Task objective: Two lines in the data below mark the range: the one with "Answer: 76 What" and the one with "Answer: Icing Which". Return both, along with every line between them, exactly.

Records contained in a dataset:
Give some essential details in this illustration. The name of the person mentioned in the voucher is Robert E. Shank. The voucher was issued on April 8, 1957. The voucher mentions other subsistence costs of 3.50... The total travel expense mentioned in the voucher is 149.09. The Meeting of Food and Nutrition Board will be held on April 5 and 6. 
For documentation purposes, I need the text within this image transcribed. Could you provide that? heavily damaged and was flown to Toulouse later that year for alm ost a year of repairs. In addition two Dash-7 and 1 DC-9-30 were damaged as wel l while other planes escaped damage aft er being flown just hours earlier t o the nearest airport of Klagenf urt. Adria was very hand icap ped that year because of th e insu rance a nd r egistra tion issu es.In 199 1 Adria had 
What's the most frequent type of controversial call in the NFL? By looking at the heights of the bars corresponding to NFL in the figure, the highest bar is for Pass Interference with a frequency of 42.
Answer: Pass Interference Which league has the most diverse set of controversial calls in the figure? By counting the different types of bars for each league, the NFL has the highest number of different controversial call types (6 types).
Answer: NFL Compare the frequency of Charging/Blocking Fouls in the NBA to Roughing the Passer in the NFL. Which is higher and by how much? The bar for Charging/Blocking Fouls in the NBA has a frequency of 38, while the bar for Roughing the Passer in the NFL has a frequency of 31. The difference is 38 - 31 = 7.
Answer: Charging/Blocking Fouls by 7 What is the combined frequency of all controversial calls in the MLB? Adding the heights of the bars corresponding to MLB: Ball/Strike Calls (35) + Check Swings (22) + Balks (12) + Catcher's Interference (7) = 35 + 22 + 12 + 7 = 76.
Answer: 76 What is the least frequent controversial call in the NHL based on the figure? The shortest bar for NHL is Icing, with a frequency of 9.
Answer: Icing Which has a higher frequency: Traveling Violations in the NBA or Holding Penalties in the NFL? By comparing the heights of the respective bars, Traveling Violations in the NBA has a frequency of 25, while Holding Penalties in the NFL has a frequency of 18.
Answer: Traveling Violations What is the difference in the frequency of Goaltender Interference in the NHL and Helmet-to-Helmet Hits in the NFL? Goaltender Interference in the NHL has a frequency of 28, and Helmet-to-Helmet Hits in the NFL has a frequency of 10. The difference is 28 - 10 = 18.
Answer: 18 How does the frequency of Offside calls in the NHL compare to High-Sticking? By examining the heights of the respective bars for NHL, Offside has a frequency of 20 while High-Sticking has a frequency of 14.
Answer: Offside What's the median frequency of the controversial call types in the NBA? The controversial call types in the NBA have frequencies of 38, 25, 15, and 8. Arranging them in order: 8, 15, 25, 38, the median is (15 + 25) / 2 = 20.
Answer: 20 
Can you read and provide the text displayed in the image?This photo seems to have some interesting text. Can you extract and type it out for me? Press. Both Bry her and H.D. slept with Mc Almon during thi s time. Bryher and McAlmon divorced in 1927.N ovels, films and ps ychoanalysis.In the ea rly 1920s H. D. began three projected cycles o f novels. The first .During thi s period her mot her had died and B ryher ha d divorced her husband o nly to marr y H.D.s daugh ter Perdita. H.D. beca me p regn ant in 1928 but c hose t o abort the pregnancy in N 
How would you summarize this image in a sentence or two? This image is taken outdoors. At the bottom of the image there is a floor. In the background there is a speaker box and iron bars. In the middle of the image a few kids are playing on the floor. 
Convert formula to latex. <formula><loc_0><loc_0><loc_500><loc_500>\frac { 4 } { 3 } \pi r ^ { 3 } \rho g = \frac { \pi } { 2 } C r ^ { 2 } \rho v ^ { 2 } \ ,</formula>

Solved exercise:
Answer: 76 What is the least frequent controversial call in the NHL based on the figure? The shortest bar for NHL is Icing, with a frequency of 9.
Answer: Icing Which has a higher frequency: Traveling Violations in the NBA or Holding Penalties in the NFL? By comparing the heights of the respective bars, Traveling Violations in the NBA has a frequency of 25, while Holding Penalties in the NFL has a frequency of 18.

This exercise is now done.